__What the task requires__. Every line below between the line holding "What 3D box marks the extent of the boot" and the line holding "What 3D box marks the extent of the boat", inclusive, should be repeated exactly, and all other lines omitted.

__Data records__.
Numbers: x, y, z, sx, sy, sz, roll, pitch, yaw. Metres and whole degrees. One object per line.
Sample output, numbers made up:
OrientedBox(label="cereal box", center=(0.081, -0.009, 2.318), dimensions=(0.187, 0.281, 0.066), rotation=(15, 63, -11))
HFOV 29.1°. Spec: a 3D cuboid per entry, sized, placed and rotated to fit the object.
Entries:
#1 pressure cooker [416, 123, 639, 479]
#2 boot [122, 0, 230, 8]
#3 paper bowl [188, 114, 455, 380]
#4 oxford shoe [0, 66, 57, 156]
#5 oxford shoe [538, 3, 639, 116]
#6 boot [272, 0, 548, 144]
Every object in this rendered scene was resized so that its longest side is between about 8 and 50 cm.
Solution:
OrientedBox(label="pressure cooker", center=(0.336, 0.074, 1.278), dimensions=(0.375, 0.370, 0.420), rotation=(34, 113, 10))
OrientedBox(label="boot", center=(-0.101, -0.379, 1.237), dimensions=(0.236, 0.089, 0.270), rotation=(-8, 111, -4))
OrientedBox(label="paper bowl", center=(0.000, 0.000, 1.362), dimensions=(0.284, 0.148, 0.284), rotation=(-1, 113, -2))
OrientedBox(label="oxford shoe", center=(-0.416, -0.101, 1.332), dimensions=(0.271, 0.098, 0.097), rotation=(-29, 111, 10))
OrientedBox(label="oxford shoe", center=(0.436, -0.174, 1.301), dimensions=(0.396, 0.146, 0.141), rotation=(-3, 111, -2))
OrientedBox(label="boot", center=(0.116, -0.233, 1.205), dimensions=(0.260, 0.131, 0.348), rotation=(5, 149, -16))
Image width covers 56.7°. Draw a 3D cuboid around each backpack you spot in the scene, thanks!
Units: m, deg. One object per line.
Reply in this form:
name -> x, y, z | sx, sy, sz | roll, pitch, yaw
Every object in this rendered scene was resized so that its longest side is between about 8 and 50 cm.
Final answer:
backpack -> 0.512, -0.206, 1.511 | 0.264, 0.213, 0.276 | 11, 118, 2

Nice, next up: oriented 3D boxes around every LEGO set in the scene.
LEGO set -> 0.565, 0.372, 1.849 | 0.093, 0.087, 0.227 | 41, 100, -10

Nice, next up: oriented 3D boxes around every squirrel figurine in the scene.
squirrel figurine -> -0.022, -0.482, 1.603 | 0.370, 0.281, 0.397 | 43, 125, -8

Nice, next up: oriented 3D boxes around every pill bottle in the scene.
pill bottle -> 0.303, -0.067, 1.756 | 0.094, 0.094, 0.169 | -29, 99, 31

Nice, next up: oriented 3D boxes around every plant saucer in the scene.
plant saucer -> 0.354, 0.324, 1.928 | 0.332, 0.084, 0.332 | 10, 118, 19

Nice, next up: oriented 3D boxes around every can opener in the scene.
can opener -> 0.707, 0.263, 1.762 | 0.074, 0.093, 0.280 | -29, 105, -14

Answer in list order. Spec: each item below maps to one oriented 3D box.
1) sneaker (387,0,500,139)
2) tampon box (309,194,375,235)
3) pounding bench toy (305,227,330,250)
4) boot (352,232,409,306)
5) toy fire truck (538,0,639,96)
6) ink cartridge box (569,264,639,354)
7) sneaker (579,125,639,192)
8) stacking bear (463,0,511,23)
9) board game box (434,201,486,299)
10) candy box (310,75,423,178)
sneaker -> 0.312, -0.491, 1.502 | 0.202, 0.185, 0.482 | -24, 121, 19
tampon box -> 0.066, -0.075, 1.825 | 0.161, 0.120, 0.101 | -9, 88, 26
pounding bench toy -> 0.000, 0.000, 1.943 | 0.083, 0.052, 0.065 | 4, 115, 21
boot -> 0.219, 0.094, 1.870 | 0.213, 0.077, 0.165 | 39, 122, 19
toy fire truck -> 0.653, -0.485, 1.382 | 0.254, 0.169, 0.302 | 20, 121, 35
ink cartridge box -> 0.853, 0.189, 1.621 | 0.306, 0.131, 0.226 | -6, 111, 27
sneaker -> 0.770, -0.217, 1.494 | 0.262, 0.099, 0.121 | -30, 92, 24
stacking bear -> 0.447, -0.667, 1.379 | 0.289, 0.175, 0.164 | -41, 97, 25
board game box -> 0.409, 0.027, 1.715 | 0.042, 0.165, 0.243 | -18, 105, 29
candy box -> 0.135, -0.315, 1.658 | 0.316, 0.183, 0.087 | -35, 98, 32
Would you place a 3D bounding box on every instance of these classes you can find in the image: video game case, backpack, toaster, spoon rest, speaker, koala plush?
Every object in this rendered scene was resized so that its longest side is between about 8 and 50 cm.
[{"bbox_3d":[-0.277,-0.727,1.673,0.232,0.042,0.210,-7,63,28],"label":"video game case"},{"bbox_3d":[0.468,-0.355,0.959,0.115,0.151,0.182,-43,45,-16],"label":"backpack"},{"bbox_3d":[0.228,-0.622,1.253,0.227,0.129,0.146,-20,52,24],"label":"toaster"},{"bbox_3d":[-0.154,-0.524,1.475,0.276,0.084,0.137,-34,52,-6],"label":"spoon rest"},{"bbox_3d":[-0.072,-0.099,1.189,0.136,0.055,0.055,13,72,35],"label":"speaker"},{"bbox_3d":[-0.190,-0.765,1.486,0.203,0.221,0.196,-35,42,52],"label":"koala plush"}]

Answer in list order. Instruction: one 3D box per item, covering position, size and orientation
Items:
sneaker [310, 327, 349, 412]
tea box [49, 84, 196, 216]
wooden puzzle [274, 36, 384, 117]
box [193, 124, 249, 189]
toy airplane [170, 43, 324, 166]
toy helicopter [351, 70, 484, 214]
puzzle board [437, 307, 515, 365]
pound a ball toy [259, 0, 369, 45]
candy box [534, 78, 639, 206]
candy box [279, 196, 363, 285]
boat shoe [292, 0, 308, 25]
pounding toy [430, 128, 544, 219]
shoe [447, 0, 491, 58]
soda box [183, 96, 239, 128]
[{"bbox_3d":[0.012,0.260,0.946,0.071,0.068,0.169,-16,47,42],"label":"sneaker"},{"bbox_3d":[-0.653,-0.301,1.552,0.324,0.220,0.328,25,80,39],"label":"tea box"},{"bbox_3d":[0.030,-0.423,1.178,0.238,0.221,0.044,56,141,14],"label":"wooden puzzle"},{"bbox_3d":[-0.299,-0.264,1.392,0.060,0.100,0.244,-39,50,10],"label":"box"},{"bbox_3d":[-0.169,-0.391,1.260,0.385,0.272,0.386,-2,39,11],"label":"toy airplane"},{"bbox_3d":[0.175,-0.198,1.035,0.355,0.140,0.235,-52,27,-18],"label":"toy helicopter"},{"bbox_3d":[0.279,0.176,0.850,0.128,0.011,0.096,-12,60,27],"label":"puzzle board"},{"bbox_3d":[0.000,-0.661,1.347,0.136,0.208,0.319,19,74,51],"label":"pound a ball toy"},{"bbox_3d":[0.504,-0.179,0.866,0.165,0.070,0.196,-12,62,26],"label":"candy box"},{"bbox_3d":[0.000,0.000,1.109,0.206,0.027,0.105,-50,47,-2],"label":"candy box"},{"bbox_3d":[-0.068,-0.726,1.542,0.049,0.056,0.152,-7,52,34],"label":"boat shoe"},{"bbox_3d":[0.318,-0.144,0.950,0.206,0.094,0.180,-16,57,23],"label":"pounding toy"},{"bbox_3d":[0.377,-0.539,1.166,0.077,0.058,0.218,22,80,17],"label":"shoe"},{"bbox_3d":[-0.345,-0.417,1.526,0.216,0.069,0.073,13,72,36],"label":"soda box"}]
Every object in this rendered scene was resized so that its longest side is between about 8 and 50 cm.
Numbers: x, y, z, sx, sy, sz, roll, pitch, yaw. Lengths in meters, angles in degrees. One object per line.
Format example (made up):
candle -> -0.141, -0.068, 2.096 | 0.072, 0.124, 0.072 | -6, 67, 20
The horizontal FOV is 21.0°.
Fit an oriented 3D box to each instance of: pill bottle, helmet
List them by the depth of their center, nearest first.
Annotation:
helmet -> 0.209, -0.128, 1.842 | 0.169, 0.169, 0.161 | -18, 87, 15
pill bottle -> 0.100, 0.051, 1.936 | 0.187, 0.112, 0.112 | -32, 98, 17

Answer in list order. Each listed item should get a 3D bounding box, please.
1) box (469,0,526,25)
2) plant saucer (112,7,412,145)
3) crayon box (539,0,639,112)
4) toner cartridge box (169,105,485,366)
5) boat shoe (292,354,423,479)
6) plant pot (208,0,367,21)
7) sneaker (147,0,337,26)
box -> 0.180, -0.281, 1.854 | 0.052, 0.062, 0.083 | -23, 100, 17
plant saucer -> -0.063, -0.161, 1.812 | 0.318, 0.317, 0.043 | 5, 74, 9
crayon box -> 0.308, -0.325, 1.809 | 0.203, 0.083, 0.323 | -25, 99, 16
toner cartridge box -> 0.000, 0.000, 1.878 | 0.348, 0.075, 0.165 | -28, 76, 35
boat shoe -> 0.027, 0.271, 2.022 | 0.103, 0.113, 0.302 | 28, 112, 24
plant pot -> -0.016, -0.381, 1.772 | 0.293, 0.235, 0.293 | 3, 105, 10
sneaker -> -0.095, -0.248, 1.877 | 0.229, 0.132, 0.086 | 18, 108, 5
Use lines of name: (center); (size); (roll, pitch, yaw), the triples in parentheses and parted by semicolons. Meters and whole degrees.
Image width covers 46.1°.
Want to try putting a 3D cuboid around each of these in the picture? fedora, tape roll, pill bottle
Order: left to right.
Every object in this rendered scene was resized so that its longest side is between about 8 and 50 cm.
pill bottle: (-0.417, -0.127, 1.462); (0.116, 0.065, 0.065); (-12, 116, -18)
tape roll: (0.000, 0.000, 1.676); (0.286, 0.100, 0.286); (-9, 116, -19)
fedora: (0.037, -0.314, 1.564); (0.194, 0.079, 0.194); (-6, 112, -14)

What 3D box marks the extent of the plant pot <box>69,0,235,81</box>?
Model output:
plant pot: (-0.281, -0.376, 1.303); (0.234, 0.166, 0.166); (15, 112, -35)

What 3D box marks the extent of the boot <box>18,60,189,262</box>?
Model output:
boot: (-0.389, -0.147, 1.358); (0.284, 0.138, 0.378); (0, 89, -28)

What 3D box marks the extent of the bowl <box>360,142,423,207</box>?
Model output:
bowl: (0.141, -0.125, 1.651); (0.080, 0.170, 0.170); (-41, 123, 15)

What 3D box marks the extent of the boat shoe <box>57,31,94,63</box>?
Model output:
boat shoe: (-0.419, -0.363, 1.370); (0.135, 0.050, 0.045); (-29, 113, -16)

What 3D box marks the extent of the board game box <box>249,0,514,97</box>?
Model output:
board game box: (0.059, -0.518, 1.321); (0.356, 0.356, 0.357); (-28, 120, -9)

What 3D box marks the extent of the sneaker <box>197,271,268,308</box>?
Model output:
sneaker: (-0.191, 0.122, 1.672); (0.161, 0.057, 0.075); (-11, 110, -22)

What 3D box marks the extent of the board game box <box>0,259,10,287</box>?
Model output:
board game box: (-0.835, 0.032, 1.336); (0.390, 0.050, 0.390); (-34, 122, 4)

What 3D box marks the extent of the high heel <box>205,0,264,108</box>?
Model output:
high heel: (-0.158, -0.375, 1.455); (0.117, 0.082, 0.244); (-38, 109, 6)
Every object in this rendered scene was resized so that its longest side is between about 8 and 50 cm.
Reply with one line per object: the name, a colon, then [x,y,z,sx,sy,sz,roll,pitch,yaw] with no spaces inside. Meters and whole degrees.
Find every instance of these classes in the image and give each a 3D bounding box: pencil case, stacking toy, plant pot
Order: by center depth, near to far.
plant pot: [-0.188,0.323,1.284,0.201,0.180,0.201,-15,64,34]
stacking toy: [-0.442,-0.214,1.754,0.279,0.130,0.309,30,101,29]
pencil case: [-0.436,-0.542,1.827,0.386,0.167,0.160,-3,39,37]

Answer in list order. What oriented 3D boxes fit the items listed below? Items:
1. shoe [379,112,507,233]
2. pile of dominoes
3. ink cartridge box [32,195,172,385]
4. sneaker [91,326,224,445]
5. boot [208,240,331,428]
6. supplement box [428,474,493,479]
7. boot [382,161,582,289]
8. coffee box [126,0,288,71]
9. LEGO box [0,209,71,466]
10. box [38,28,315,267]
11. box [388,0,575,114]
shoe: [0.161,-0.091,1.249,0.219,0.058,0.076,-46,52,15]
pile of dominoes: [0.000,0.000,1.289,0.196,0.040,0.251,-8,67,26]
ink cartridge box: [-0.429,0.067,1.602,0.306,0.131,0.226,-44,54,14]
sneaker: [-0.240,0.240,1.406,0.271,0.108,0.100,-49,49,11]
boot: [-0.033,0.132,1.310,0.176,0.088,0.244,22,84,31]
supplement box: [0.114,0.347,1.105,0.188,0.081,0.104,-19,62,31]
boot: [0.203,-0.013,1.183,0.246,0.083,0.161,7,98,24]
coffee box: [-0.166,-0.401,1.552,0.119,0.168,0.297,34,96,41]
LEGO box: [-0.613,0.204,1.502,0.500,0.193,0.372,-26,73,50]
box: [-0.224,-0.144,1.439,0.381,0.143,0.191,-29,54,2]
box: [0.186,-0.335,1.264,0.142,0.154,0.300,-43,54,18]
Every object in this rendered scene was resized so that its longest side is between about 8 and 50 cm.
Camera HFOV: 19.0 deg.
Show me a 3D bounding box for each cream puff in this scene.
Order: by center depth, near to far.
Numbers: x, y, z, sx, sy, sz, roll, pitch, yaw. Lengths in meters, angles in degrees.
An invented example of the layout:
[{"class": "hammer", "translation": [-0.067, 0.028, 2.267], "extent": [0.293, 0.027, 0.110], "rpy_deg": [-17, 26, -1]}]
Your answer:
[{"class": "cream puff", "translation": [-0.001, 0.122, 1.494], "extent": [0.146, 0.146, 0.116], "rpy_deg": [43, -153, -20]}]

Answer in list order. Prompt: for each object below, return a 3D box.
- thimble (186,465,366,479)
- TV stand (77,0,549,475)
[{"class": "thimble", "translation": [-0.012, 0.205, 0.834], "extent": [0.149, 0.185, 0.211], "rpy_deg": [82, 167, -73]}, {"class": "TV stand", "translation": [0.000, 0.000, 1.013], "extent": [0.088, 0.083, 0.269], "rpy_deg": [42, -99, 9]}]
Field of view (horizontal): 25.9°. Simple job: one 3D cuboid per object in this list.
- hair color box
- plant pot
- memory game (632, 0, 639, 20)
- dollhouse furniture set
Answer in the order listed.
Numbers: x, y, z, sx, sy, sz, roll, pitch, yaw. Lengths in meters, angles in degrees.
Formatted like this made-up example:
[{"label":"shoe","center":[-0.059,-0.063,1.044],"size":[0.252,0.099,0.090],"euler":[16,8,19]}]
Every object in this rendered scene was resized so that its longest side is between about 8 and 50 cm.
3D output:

__Problem solution__.
What 3D box marks the extent of the boot <box>18,60,189,262</box>?
Model output:
boot: (-0.389, -0.147, 1.358); (0.284, 0.138, 0.378); (0, 89, -28)

What 3D box marks the extent of the bowl <box>360,142,423,207</box>?
Model output:
bowl: (0.141, -0.125, 1.651); (0.080, 0.170, 0.170); (-41, 123, 15)

What 3D box marks the extent of the boat shoe <box>57,31,94,63</box>?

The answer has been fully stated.